After nine years of failure, we need a Labour government to fix the housing crisis
3 min read
A Labour government will make delivering ambitious housing plans a priority with our bold agenda for change, writes John Healey MP
Writing in 1942, William Beveridge famously set out “five giants” on the road to a better society: want, disease, ignorance, idleness and squalor. To end squalor meant decent housing. With the post-war Attlee government, housing became a priority for rebuilding Britain. The number of new council houses rose dramatically as Britain got building again at scale and to a high standard. Labour minister Aneurin Bevan fought for extra investment to build the sort of homes that were too often then the preserve of the rich – decent, spacious, with upstairs toilets and built in local brick or stone.
More than 70 years on, that same scale of ambition is needed.
Last year, Jeremy Corbyn and I set out Labour’s big commitment in government to build one million genuinely affordable homes over 10 years, with the biggest council housebuilding programme in nearly 40 years at the heart of this. In the past, this scale of ambition was seen as common sense. Labour will show that it still makes sense.

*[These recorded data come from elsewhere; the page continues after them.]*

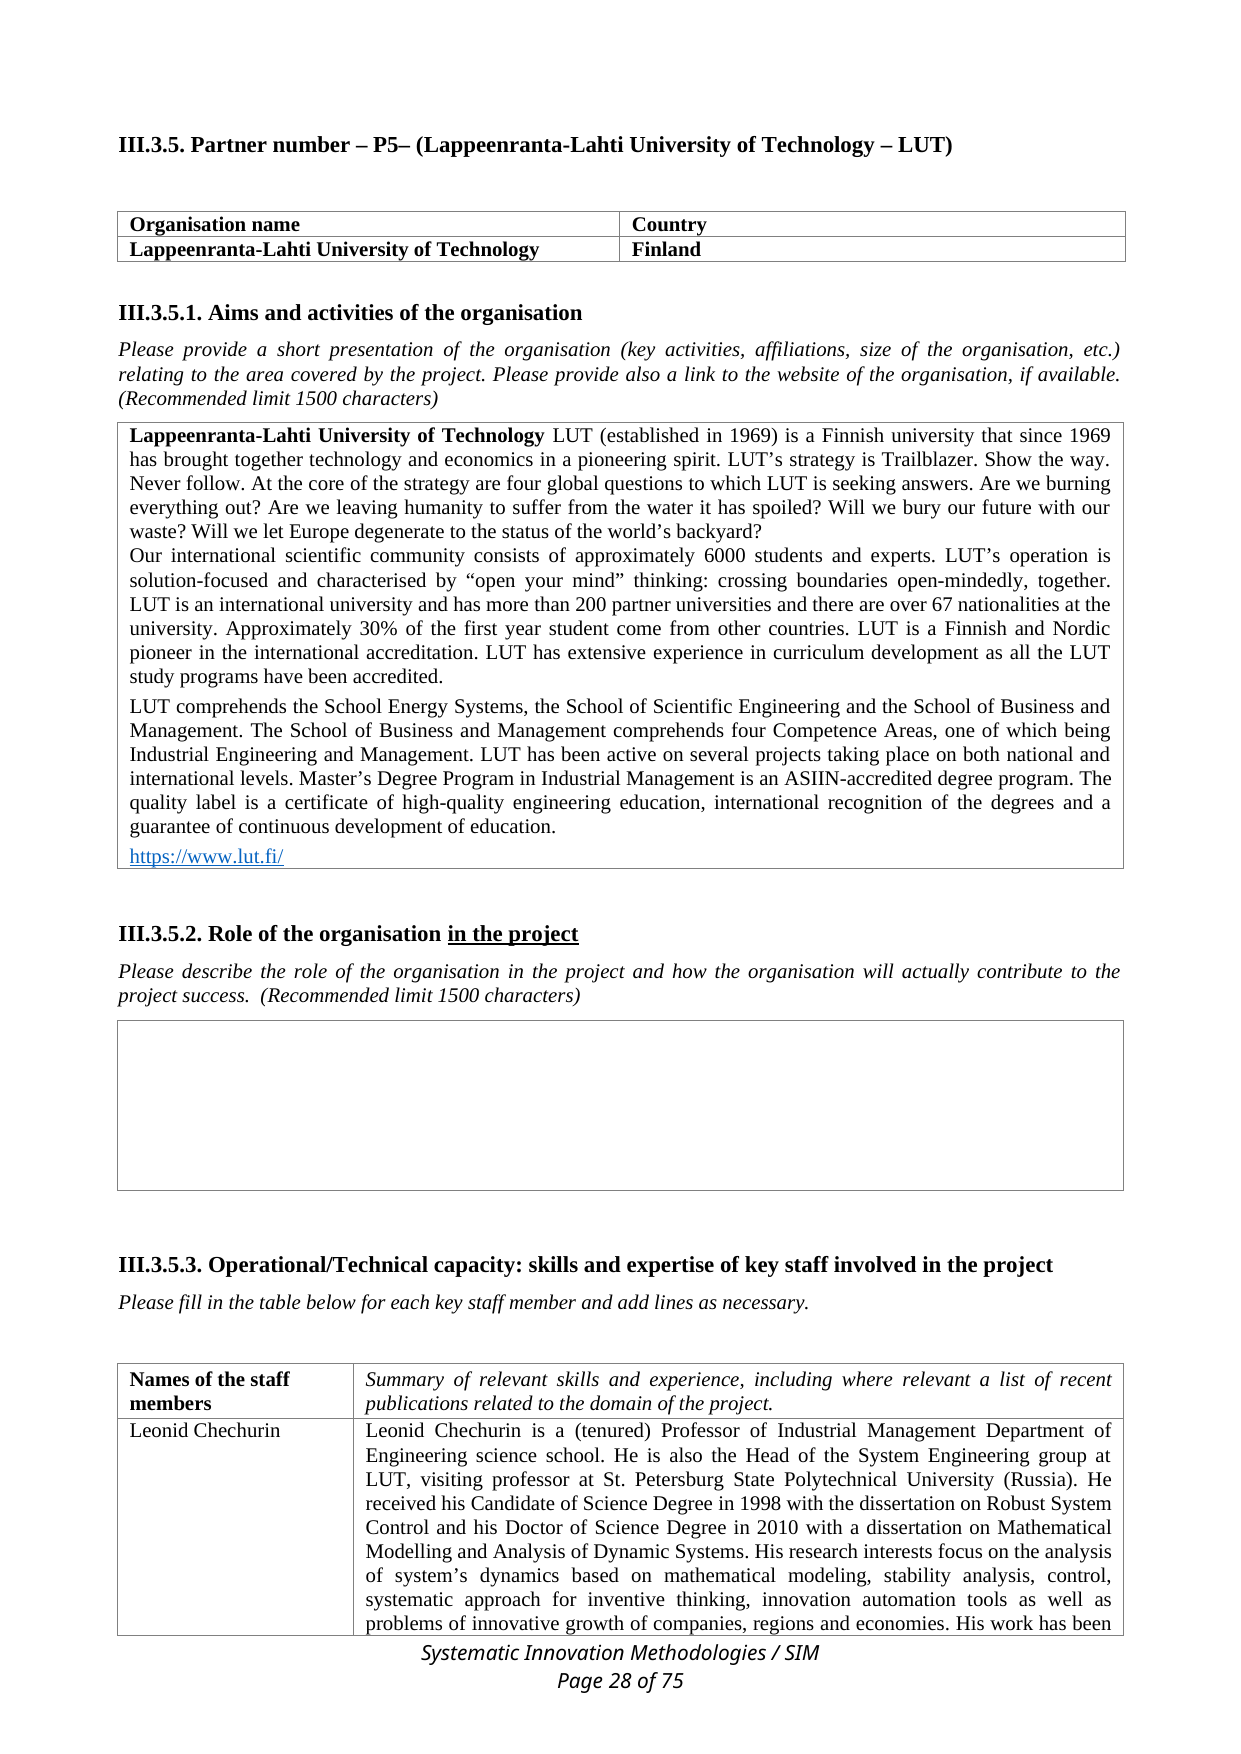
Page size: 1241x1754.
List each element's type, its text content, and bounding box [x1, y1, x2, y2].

table_cell Finland [620, 237, 1125, 261]
table_header Summary of relevant skills and experience, including where relevant a list of recent publications related to the domain of the project. [354, 1364, 1123, 1417]
table_header Names of the staff members [118, 1364, 353, 1417]
table_header Country [620, 212, 1125, 236]
table_cell Leonid Chechurin is a (tenured) Professor of Industrial Management Department of Engineering science school. He is also the Head of the System Engineering group at LUT, visiting professor at St. Petersburg State Polytechnical University (Russia). He received his Candidate of Science Degree in 1998 with the dissertation on Robust System Control and his Doctor of Science Degree in 2010 with a dissertation on Mathematical Modelling and Analysis of Dynamic Systems. His research interests focus on the analysis of system’s dynamics based on mathematical modeling, stability analysis, control, systematic approach for inventive thinking, innovation automation tools as well as problems of innovative growth of companies, regions and economies. His work has been [354, 1419, 1123, 1635]
text III.3.5.2. Role of the organisation in the project [118, 921, 1122, 947]
table_cell Lappeenranta-Lahti University of Technology [118, 237, 619, 261]
text Please provide a short presentation of the organisation (key activities, affiliations, size of the organisation, etc.) relating to the area covered by the project. Please provide also a link to the website of the organisation, if available. (Recommended limit 1500 characters) [118, 337, 1122, 409]
text III.3.5.3. Operational/Technical capacity: skills and expertise of key staff involved in the project [118, 1251, 1122, 1277]
table_header Lappeenranta-Lahti University of Technology LUT (established in 1969) is a Finnish university that since 1969 has brought together technology and economics in a pioneering spirit. LUT’s strategy is Trailblazer. Show the way. Never follow. At the core of the strategy are four global questions to which LUT is seeking answers. Are we burning everything out? Are we leaving humanity to suffer from the water it has spoiled? Will we bury our future with our waste? Will we let Europe degenerate to the status of the world’s backyard? Our international scientific community consists of approximately 6000 students and experts. LUT’s operation is solution-focused and characterised by “open your mind” thinking: crossing boundaries open-mindedly, together. LUT is an international university and has more than 200 partner universities and there are over 67 nationalities at the university. Approximately 30% of the first year student come from other countries. LUT is a Finnish and Nordic pioneer in the international accreditation. LUT has extensive experience in curriculum development as all the LUT study programs have been accredited. LUT comprehends the School Energy Systems, the School of Scientific Engineering and the School of Business and Management. The School of Business and Management comprehends four Competence Areas, one of which being Industrial Engineering and Management. LUT has been active on several projects taking place on both national and international levels. Master’s Degree Program in Industrial Management is an ASIIN-accredited degree program. The quality label is a certificate of high-quality engineering education, international recognition of the degrees and a guarantee of continuous development of education. https://www.lut.fi/ [118, 423, 1123, 868]
table_cell Leonid Chechurin [118, 1419, 353, 1635]
table_header Organisation name [118, 212, 619, 236]
text III.3.5.1. Aims and activities of the organisation [118, 298, 1122, 325]
table_header [118, 1021, 1123, 1189]
subtitle III.3.5. Partner number – P5– (Lappeenranta-Lahti University of Technology – LUT) [118, 131, 1122, 157]
text Please fill in the table below for each key staff member and add lines as necessary. [118, 1290, 1122, 1314]
text Please describe the role of the organisation in the project and how the organisation will actually contribute to the project success. (Recommended limit 1500 characters) [118, 959, 1122, 1007]
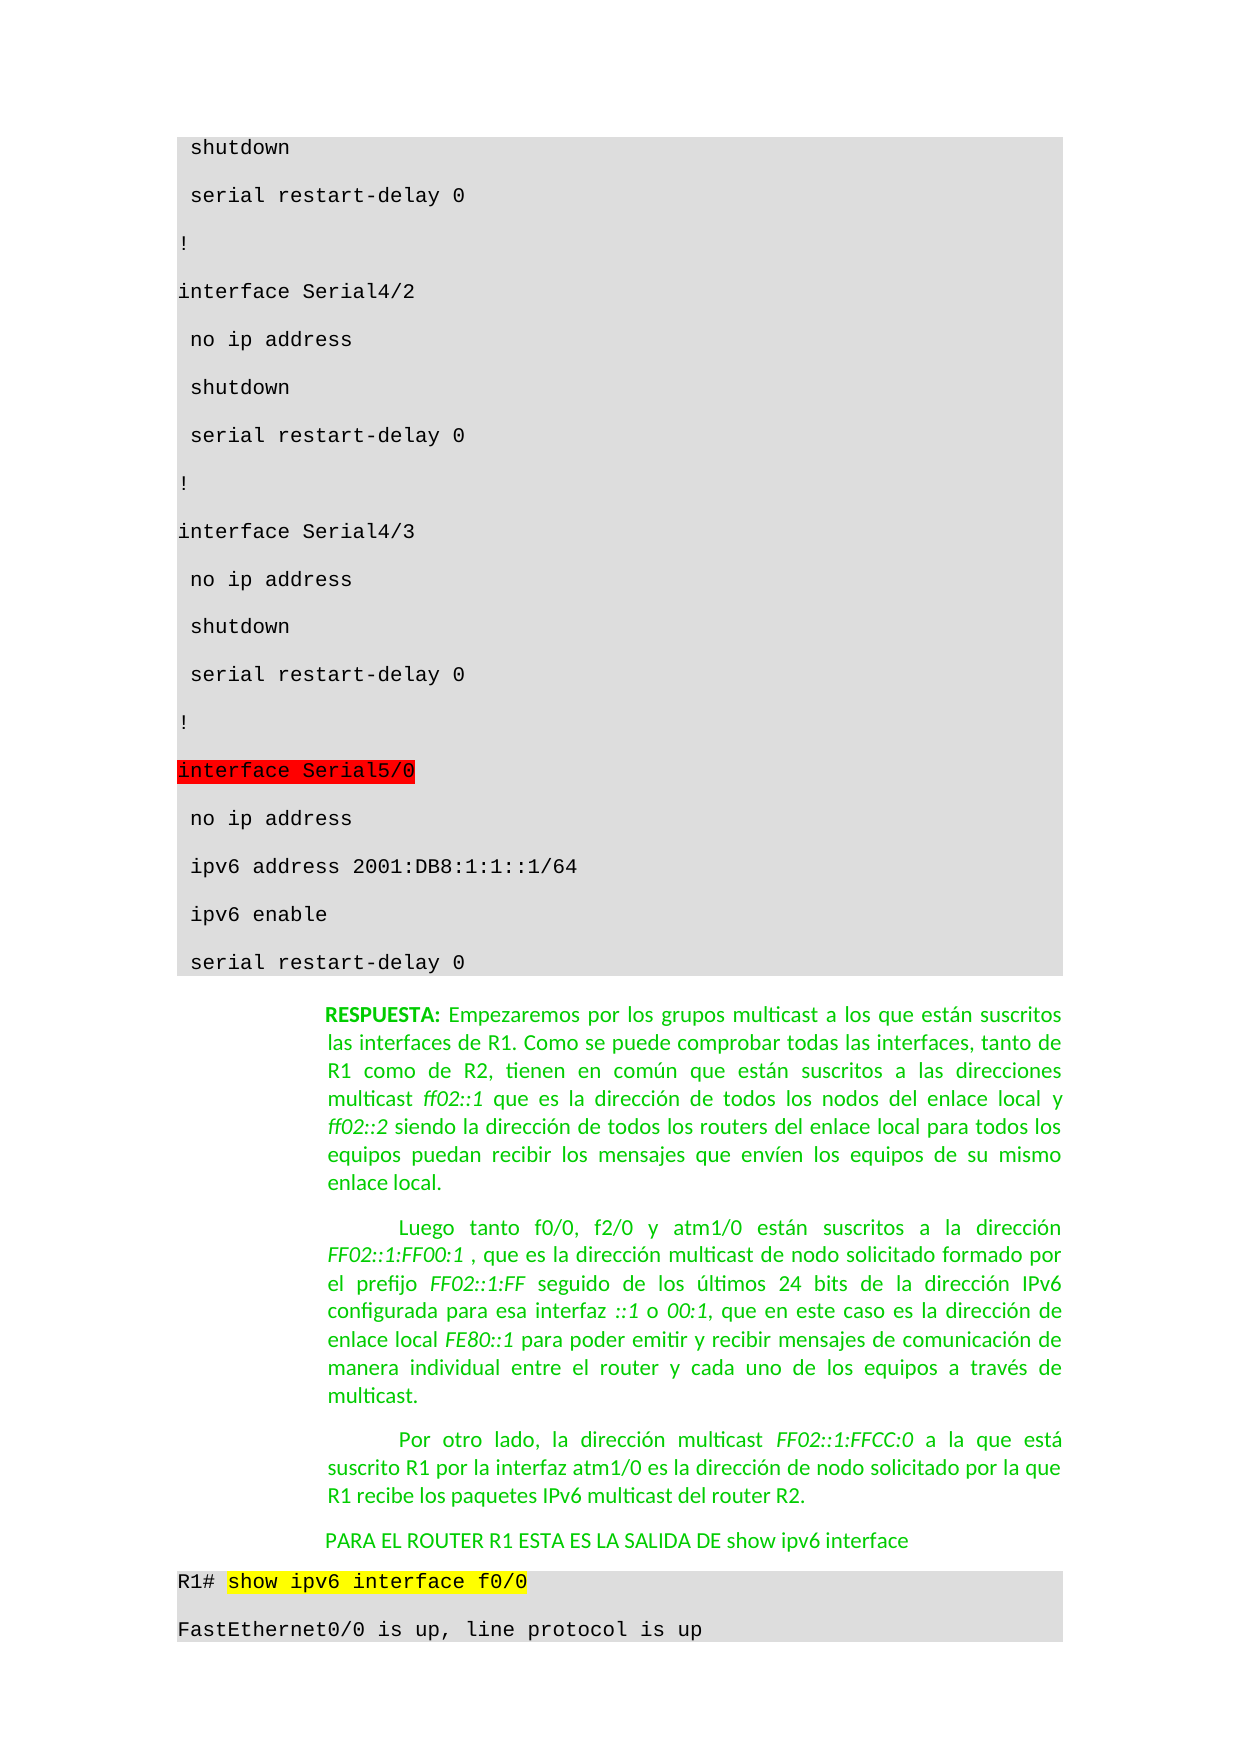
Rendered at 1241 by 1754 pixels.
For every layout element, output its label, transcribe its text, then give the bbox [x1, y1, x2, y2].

text serial restart-delay 0 [177, 185, 1063, 209]
text serial restart-delay 0 [177, 425, 1063, 448]
text shutdown [177, 616, 1063, 640]
list Por otro lado, la dirección multicast FF02::1:FFCC:0 a la que está suscrito R1 por la interfaz atm1/0 es la dirección de nodo solicitado por la que R1 recibe los paquetes IPv6 multicast del router R2. [327, 1425, 1063, 1509]
text no ip address [177, 568, 1063, 592]
text ! [177, 712, 1063, 736]
list RESPUESTA: Empezaremos por los grupos multicast a los que están suscritos las interfaces de R1. Como se puede comprobar todas las interfaces, tanto de R1 como de R2, tienen en común que están suscritos a las direcciones multicast ff02::1 que es la dirección de todos los nodos del enlace local y ff02::2 siendo la dirección de todos los routers del enlace local para todos los equipos puedan recibir los mensajes que envíen los equipos de su mismo enlace local. [325, 1000, 1063, 1196]
text ! [177, 473, 1063, 496]
text ipv6 enable [177, 904, 1063, 928]
text interface Serial4/3 [177, 521, 1063, 544]
text FastEthernet0/0 is up, line protocol is up [177, 1619, 1063, 1642]
text no ip address [177, 808, 1063, 832]
text interface Serial4/2 [177, 281, 1063, 305]
text shutdown [177, 377, 1063, 401]
list PARA EL ROUTER R1 ESTA ES LA SALIDA DE show ipv6 interface [325, 1526, 1063, 1554]
text ! [177, 233, 1063, 257]
list Luego tanto f0/0, f2/0 y atm1/0 están suscritos a la dirección FF02::1:FF00:1 , que es la dirección multicast de nodo solicitado formado por el prefijo FF02::1:FF seguido de los últimos 24 bits de la dirección IPv6 configurada para esa interfaz ::1 o 00:1, que en este caso es la dirección de enlace local FE80::1 para poder emitir y recibir mensajes de comunicación de manera individual entre el router y cada uno de los equipos a través de multicast. [327, 1213, 1063, 1409]
text no ip address [177, 329, 1063, 353]
text serial restart-delay 0 [177, 664, 1063, 688]
text R1# show ipv6 interface f0/0 [177, 1571, 1063, 1594]
text shutdown [177, 137, 1063, 161]
text interface Serial5/0 [177, 760, 1063, 784]
text serial restart-delay 0 [177, 952, 1063, 976]
text ipv6 address 2001:DB8:1:1::1/64 [177, 856, 1063, 880]

When it comes to housing, the very word “affordable” has been corrupted through misuse by Conservative ministers. So, alongside new social rented homes, we will scrap their bogus “affordable rent” – up to 80% of market rates which can mean £1,500 a month in some areas – and replace it with Labour’s affordable homes both to rent and buy with the costs linked to incomes not the market. We’ll also stop the sell-off of social rented homes by suspending the right-to-buy scheme and ending all conversions to “affordable rent”.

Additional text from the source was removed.